Dear All,
First of all, thank you in advance for Your time on this.
I am trying to setup PDF full image/text search (some PDFs are just images and not text) in my NextCloud 25.0.6 instance. It runs on Rokcy Linux 8 (fully updated) as a web page, served by the host’s apache server (not running as container image or virtual image).
Googling around and searching in this forum, I started by installing Tesseract and adding the English language for start.
Under Admin → Administration → Full Text Search, I could see nothing but “General Settings” with the “Search Platform” empty. Also show in the bellow screenshot.
Then again looking for information in the Wiki I concluded (maybe wrongly?) that I have to install ElasticSearch.
So I did.
At that point, the Search Platform option could be populated (Elasticsearch was an option) and only then the Tessearct OCR options became available.
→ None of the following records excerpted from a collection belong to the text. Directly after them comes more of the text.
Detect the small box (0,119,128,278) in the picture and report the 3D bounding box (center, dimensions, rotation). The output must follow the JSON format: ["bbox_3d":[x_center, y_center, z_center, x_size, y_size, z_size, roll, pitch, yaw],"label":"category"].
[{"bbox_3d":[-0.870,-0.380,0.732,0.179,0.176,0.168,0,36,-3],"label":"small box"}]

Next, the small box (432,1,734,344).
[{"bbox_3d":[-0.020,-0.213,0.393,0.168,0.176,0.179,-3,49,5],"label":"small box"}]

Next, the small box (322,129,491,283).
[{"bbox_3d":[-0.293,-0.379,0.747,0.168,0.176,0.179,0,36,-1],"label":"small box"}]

All the above, as the admin user.
I do have a small doubt about the elasticsearch part specifically the url setting as the installation is using certs for authentication:
Now I login as a non-admin user and create a flow.
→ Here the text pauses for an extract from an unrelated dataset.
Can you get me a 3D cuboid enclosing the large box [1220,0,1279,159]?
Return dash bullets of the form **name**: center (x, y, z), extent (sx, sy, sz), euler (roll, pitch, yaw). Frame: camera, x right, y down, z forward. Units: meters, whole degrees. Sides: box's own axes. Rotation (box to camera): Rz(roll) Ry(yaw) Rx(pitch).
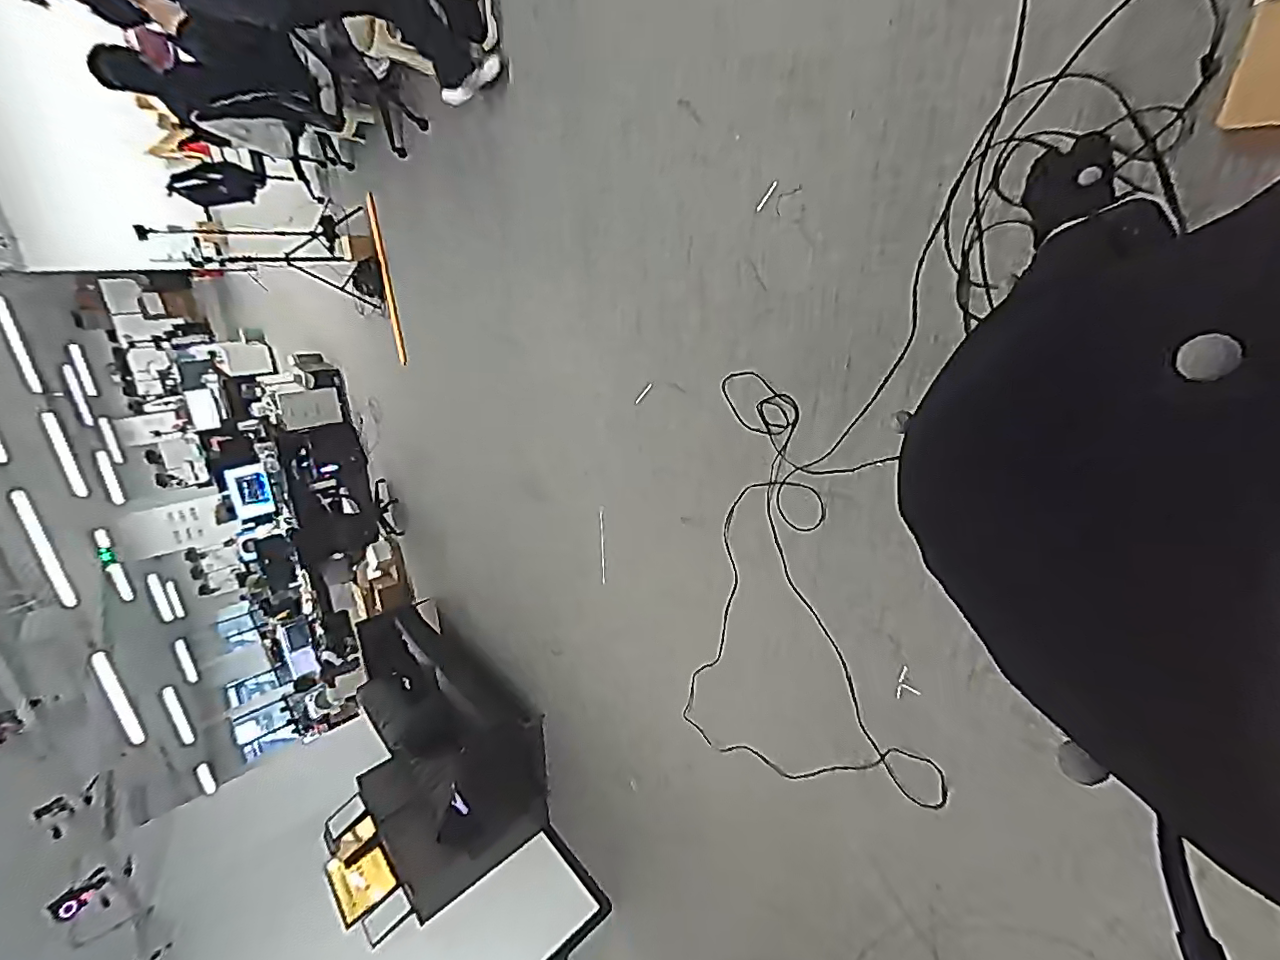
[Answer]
- **large box**: center (1.065, -0.621, 0.677), extent (0.408, 0.320, 0.320), euler (23, 121, 41)

And I also add the following with crontab -u apache -e
:
*/5 * * * * php -f /mnt/services//www/html/nextcloud/cron.php
At this point I expect as a non admin user:
- Adding the OCR tag to a pdf file, this to be OCRed.
- Searching words contained in the pdf (English language pdf) to return results pointing to that document
- The cron job to do something (but what???)
What I actually have is:
- Adding the OCR tag to a pdf, does not seam to OCR it.
- The disks are 100% active. Tools for tracing activity (iotop, top, ps etc) show that there
php -f /mnt/services//www/html/nextcloud/cron.php
is running all the time (doing what?) and mariadb is constantly updating tuples.
So my questions:
- Do I correctly think that Tessaract ocr will actually fully ocr any English pdf document with the OCR tag assigned to it?
- Are the above steps take correct towards that?
- Am I missing something?
- Do I have a correct test case (assign the OCR tag to a pdf & wait for it to be indexed)?
- Where does elasticsearch fit in the setup?
- Why is the system (cron.php / mysql) so busy? Doing what? How to find out?
Much appreciated.
Cheers,
Theo